Furthermore, this research innovatively introduced the technique of differentiable perspective transformation, which provides crucial technical support for creating adversarial patches. By simulating various transformations that may occur in the physical world, we were able to design more challenging testing scenarios, thus effectively enhancing the defense model’s response capability. The adoption of this technology not only opens new perspectives for the study of adversarial patches but also propels overall advancements in the field of adversarial machine learning.

However, despite the numerous advantages of our strategy, some challenges were encountered during practical application. The newly introduced perception and decision-making models increased the system’s computational demands and resource consumption, which are comparable in scale and cost to traditional adversarial training. Therefore, to apply this method to practical embodied AI systems, such as autonomous vehicles, drones, or service robots, extensive testing and optimization must be conducted in realistic simulated environments or real-world conditions to validate its actual effectiveness and practicality.
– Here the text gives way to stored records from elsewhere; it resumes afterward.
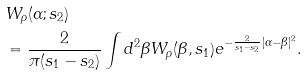Convert formula to latex. <formula><loc_0><loc_0><loc_500><loc_500>& W _ { \rho } ( \alpha ; s _ { 2 } ) \\ & = \frac { 2 } { \pi ( s _ { 1 } - s _ { 2 } ) } \int d ^ { 2 } \beta W _ { \rho } ( \beta , s _ { 1 } ) e ^ { - \frac { 2 } { s _ { 1 } - s _ { 2 } } | \alpha - \beta | ^ { 2 } } .</formula> 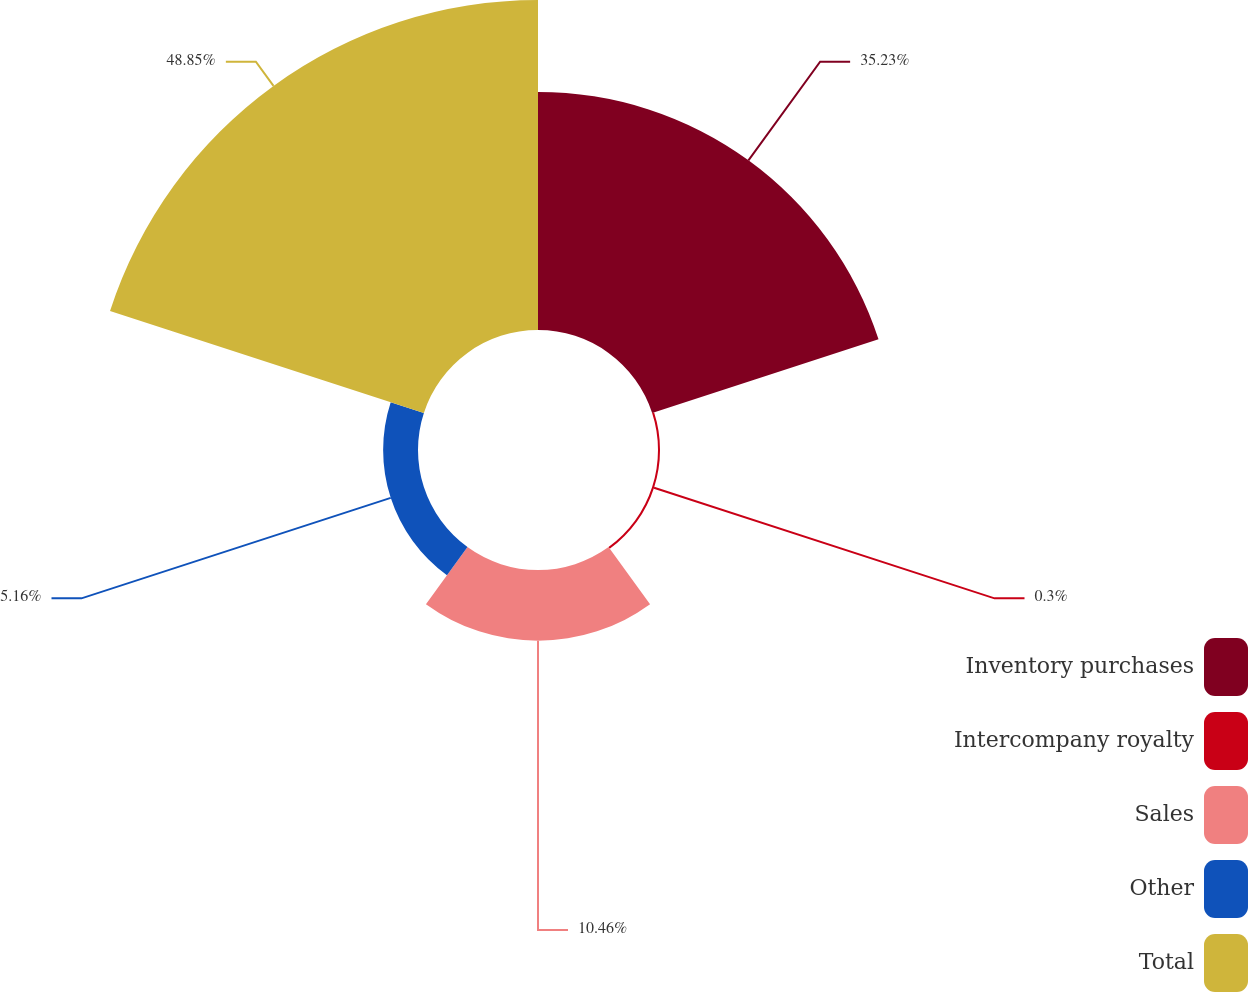Convert chart to OTSL. <chart><loc_0><loc_0><loc_500><loc_500><pie_chart><fcel>Inventory purchases<fcel>Intercompany royalty<fcel>Sales<fcel>Other<fcel>Total<nl><fcel>35.23%<fcel>0.3%<fcel>10.46%<fcel>5.16%<fcel>48.84%<nl></chart> 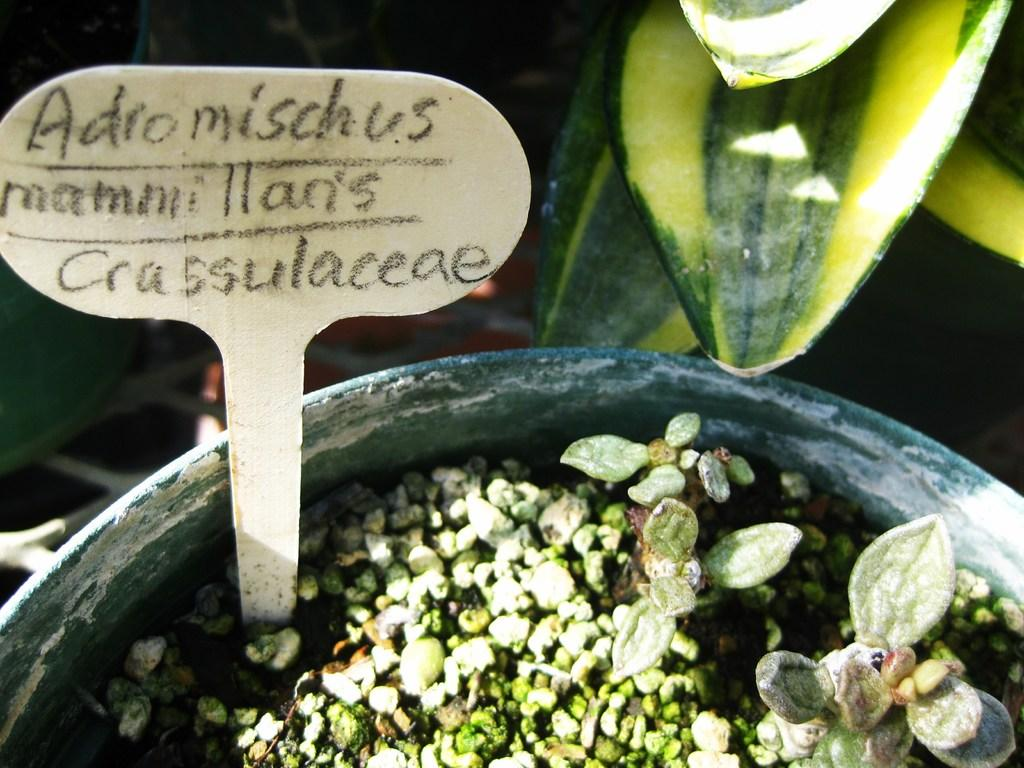What celestial bodies are depicted in the image? There are planets in the image. What is the board placed in? The board is in a pot in the image. What is written on the board? There are words on the board. What type of vegetation can be seen in the background of the image? There are leaves in the background of the image. What type of chain can be seen connecting the planets in the image? There is no chain connecting the planets in the image.

Moreover, although our experimental design strives to comprehensively simulate various conditions of the physical world, certain complex factors from real life remain uncovered, such as changing lighting conditions, the complexity of environmental textures, and potential errors from camera sensors. The absence of these factors may affect the method’s generalization ability and real-world performance. To comprehensively assess the effectiveness of this strategy and ensure its efficient operation in diverse environments, future research could leverage 3D printing technology to create more varied testing environments, as well as conduct more in-depth experiments and validations within more advanced simulation systems. These efforts will help us better understand the potential applications and limitations of this method, providing guidance for future optimization and practical deployment, thereby ensuring that the strategy achieves optimal performance in the real world.